■ **What needs to be done**:
Copy out all lines bearing the word "instrument" from the listing below.
····················
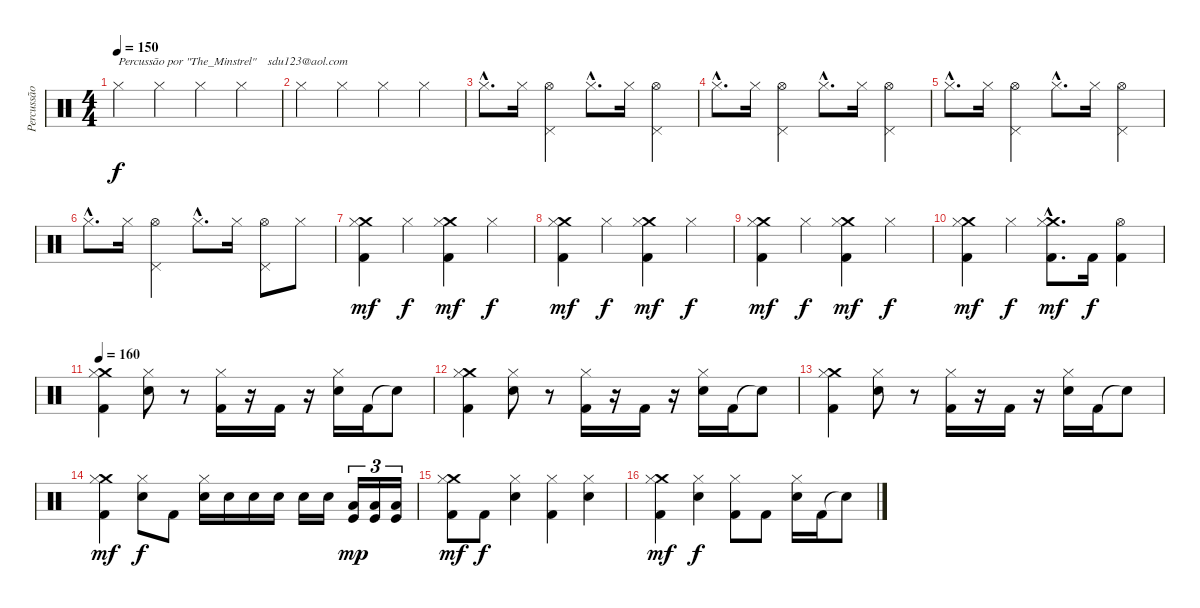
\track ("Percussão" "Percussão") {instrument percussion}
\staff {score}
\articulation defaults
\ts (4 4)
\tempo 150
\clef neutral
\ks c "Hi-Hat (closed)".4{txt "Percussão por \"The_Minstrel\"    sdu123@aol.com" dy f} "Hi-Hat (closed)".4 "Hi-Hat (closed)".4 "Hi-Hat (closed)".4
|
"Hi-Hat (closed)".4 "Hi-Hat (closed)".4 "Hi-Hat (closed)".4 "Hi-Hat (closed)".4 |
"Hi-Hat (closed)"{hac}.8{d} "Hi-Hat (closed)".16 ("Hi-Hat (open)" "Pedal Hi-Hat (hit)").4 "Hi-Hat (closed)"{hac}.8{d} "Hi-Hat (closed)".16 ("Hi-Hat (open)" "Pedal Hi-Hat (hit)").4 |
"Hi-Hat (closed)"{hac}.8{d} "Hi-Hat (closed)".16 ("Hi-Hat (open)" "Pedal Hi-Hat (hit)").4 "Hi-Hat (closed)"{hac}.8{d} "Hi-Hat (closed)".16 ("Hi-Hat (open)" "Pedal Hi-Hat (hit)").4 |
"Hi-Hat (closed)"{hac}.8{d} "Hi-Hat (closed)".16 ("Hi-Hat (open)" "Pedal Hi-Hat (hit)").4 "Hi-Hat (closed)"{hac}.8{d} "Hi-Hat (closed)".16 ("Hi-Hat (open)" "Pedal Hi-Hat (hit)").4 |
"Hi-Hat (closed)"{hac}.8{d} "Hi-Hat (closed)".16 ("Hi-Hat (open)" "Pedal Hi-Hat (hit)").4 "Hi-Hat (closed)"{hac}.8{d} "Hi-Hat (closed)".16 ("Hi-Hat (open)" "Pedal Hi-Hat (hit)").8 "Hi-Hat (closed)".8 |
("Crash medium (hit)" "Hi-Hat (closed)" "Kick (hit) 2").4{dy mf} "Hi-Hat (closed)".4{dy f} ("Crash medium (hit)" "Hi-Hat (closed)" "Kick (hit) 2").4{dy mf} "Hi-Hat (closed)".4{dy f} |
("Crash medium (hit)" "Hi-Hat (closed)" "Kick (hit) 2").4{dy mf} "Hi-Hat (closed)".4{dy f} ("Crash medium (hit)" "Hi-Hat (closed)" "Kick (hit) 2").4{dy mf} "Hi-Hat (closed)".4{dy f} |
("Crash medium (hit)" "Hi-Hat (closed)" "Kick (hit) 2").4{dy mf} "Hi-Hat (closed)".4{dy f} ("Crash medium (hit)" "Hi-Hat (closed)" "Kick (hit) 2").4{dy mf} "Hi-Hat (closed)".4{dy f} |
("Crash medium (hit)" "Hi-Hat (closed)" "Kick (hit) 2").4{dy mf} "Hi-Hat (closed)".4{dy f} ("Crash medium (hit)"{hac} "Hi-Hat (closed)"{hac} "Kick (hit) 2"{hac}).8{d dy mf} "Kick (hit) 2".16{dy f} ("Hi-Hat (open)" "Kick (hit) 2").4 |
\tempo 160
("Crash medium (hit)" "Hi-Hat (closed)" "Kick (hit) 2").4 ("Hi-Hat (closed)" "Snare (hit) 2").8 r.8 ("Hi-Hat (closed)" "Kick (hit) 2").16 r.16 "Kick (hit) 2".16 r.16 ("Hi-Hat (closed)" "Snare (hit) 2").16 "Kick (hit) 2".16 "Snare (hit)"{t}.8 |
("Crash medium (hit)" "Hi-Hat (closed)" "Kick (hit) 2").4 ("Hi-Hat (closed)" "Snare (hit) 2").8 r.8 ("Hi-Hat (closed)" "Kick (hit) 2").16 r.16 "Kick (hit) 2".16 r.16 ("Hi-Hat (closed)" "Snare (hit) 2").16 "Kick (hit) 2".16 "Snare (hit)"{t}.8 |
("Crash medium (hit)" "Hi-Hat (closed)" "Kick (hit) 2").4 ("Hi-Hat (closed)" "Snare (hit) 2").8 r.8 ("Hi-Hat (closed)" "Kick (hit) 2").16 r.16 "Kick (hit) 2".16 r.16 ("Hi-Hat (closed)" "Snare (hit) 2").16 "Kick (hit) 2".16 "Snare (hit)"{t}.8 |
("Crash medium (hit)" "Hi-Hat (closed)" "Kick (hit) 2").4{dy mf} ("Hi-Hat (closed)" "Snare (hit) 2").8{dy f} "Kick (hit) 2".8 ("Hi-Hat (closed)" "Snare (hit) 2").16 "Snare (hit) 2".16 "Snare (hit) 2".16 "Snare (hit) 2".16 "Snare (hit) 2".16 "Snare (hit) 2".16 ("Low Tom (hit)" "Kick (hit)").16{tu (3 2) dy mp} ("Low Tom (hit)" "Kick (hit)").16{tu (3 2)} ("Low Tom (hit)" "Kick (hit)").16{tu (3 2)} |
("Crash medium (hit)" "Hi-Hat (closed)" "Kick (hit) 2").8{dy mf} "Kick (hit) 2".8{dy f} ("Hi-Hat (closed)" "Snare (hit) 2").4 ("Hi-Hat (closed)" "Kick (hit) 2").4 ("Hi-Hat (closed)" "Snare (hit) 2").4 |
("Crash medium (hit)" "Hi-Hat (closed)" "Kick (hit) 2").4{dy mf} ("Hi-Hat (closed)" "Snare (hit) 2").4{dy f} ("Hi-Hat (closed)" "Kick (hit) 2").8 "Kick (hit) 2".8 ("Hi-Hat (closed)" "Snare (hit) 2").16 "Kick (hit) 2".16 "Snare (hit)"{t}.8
····················
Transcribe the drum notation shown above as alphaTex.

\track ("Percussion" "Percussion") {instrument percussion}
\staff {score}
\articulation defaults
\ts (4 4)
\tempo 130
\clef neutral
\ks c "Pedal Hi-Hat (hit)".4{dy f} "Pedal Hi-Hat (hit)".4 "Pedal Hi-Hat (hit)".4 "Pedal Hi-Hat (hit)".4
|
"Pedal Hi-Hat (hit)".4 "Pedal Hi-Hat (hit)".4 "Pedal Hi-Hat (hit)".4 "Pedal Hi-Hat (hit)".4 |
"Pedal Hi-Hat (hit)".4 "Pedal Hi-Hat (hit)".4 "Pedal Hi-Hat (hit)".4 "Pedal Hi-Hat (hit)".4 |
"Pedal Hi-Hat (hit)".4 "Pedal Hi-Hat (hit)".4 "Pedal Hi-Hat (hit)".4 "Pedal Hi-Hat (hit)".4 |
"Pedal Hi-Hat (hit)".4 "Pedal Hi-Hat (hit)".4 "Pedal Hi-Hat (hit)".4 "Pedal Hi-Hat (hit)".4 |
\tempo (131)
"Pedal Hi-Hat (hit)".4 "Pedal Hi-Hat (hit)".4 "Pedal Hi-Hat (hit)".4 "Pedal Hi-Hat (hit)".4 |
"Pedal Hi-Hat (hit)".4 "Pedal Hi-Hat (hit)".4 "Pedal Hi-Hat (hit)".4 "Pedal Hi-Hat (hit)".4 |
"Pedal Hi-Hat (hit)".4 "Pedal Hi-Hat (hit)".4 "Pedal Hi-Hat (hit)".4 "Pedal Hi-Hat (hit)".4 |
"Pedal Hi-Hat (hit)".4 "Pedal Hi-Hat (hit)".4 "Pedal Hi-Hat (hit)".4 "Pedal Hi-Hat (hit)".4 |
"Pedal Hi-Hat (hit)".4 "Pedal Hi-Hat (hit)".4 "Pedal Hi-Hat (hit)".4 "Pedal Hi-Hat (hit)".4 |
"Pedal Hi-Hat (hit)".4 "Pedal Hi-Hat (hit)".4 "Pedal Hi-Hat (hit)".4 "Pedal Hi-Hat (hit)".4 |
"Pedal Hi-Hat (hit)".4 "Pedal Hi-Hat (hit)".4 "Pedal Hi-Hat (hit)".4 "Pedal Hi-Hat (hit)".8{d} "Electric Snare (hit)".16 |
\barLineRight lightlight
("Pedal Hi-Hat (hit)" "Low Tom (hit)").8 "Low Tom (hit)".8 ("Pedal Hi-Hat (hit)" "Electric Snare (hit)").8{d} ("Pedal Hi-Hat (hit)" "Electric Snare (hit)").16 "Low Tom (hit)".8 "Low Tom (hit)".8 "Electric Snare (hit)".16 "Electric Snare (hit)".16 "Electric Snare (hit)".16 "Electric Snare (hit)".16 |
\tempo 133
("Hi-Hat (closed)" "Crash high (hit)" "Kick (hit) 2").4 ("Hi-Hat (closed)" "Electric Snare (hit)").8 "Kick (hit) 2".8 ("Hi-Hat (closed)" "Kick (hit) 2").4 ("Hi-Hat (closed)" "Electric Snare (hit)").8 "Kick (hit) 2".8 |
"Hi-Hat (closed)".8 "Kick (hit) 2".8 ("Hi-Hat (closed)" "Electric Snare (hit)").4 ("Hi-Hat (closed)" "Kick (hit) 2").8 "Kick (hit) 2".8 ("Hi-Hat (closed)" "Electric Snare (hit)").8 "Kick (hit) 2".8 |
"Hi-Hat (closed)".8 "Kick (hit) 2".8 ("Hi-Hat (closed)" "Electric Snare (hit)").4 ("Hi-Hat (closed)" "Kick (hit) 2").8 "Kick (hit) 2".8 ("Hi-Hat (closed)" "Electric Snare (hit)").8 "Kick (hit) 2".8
····················
■ **Task answer**:
\track ("Percussão" "Percussão") {instrument percussion}
\track ("Percussion" "Percussion") {instrument percussion}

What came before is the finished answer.